- [What this task involves]
Copy the closing run of lines, from the one with "Answer the question" through the last line of the listing, exactly and without any pictures.

- [Information given]
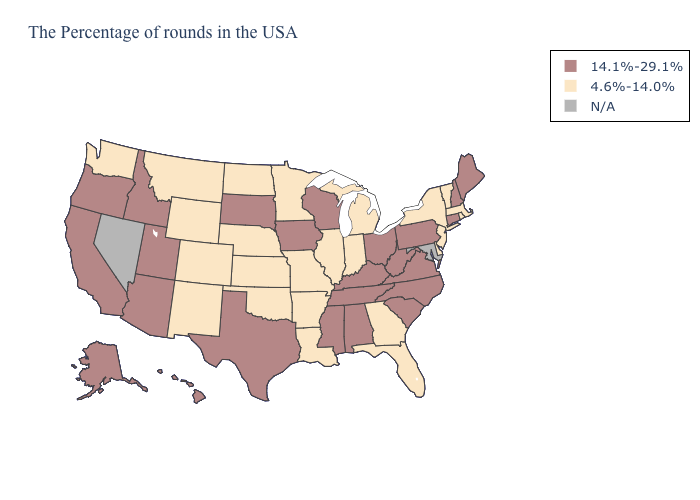Is the legend a continuous bar?
Keep it brief. No. What is the value of Maryland?
Give a very brief answer. N/A. What is the value of Nebraska?
Keep it brief. 4.6%-14.0%. What is the highest value in states that border Delaware?
Short answer required. 14.1%-29.1%. Does Connecticut have the highest value in the Northeast?
Concise answer only. Yes. What is the highest value in the South ?
Quick response, please. 14.1%-29.1%. Name the states that have a value in the range 4.6%-14.0%?
Be succinct. Massachusetts, Rhode Island, Vermont, New York, New Jersey, Delaware, Florida, Georgia, Michigan, Indiana, Illinois, Louisiana, Missouri, Arkansas, Minnesota, Kansas, Nebraska, Oklahoma, North Dakota, Wyoming, Colorado, New Mexico, Montana, Washington. Among the states that border Maryland , does Delaware have the lowest value?
Quick response, please. Yes. Name the states that have a value in the range 14.1%-29.1%?
Answer briefly. Maine, New Hampshire, Connecticut, Pennsylvania, Virginia, North Carolina, South Carolina, West Virginia, Ohio, Kentucky, Alabama, Tennessee, Wisconsin, Mississippi, Iowa, Texas, South Dakota, Utah, Arizona, Idaho, California, Oregon, Alaska, Hawaii. What is the lowest value in the USA?
Give a very brief answer. 4.6%-14.0%. Among the states that border Georgia , does North Carolina have the highest value?
Concise answer only. Yes. Name the states that have a value in the range N/A?
Write a very short answer. Maryland, Nevada. What is the lowest value in the USA?
Short answer required. 4.6%-14.0%. Name the states that have a value in the range 4.6%-14.0%?
Concise answer only. Massachusetts, Rhode Island, Vermont, New York, New Jersey, Delaware, Florida, Georgia, Michigan, Indiana, Illinois, Louisiana, Missouri, Arkansas, Minnesota, Kansas, Nebraska, Oklahoma, North Dakota, Wyoming, Colorado, New Mexico, Montana, Washington. 
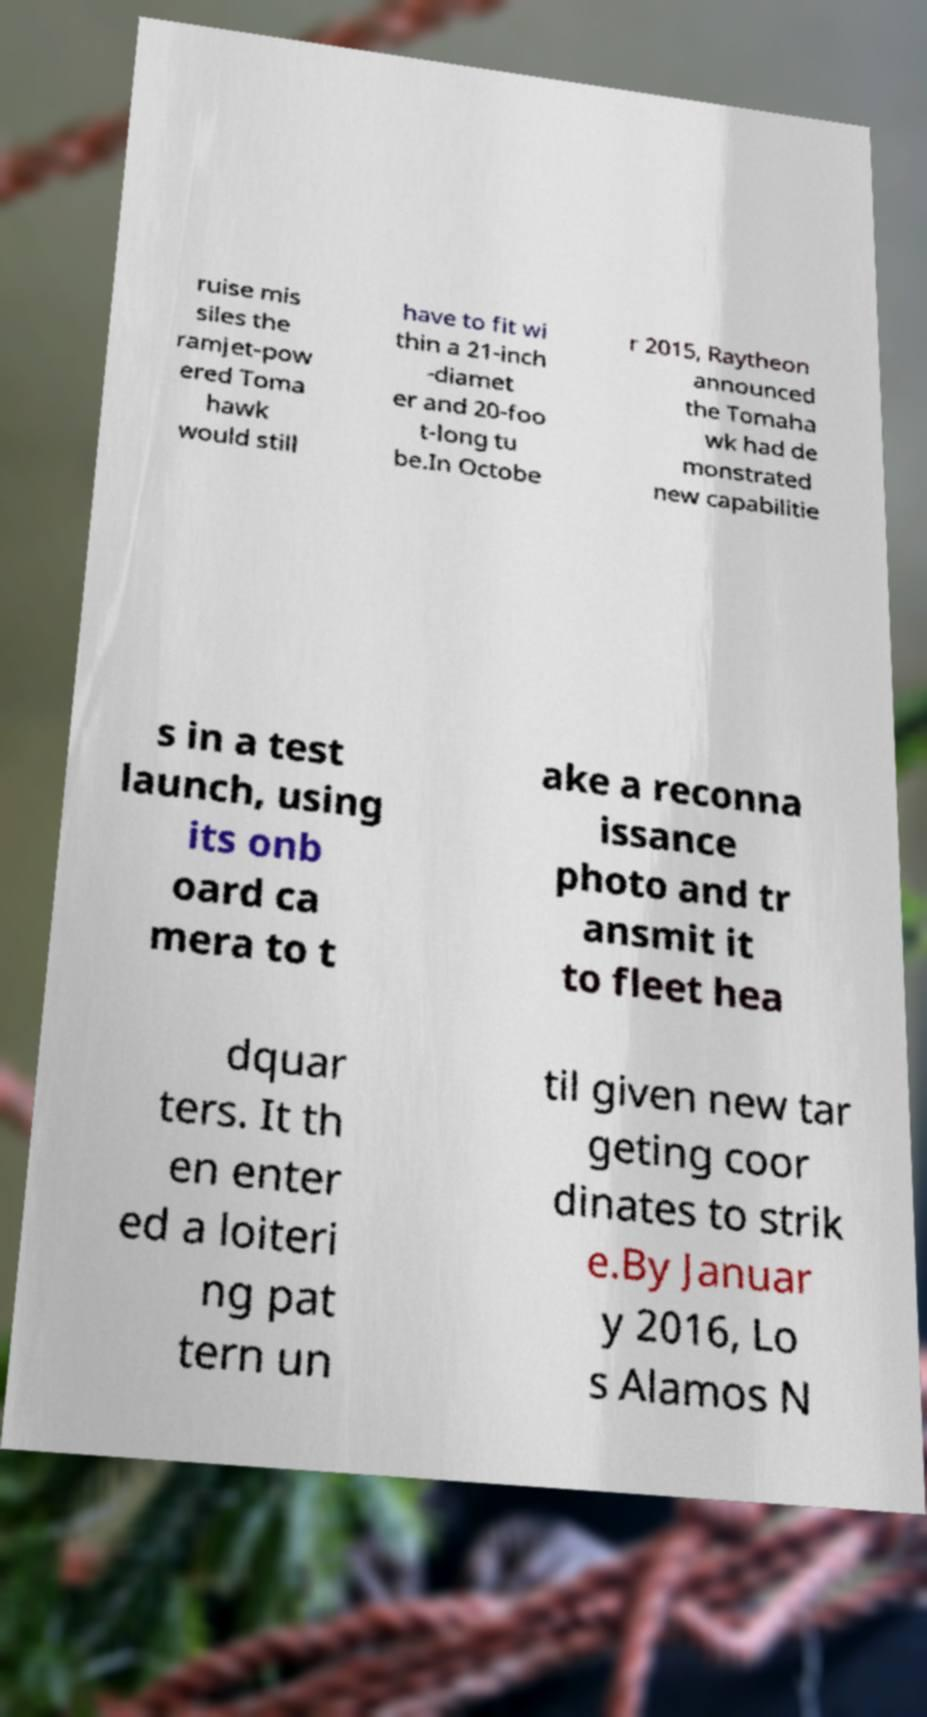Please read and relay the text visible in this image. What does it say? ruise mis siles the ramjet-pow ered Toma hawk would still have to fit wi thin a 21-inch -diamet er and 20-foo t-long tu be.In Octobe r 2015, Raytheon announced the Tomaha wk had de monstrated new capabilitie s in a test launch, using its onb oard ca mera to t ake a reconna issance photo and tr ansmit it to fleet hea dquar ters. It th en enter ed a loiteri ng pat tern un til given new tar geting coor dinates to strik e.By Januar y 2016, Lo s Alamos N 
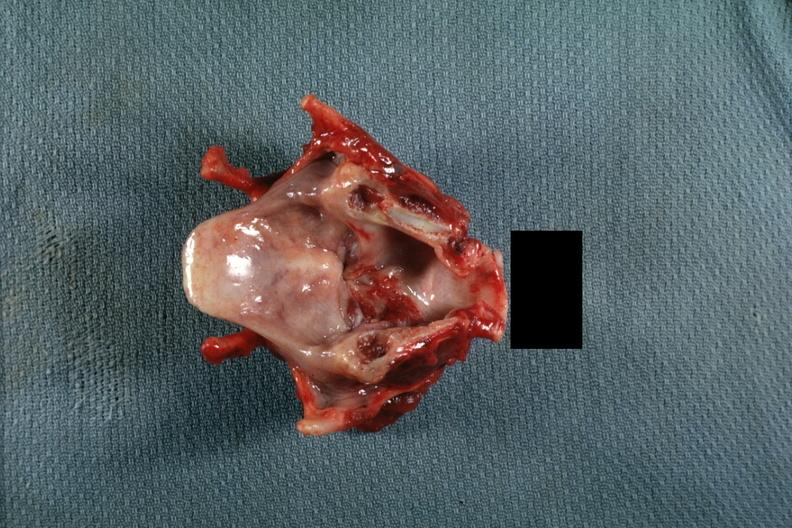does this image show excellent granular lesion on true cord extending inferior?
Answer the question using a single word or phrase. Yes 
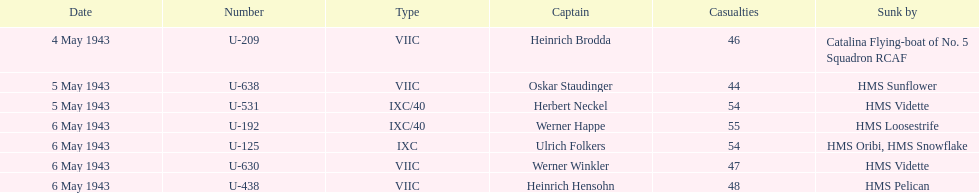Aside from oskar staudinger what was the name of the other captain of the u-boat loast on may 5? Herbert Neckel.

- [Solution to this problem]
Answer the question using a single word or phrase. Yes 
Aside from oskar staudinger what was the name of the other captain of the u-boat loast on may 5? Herbert Neckel.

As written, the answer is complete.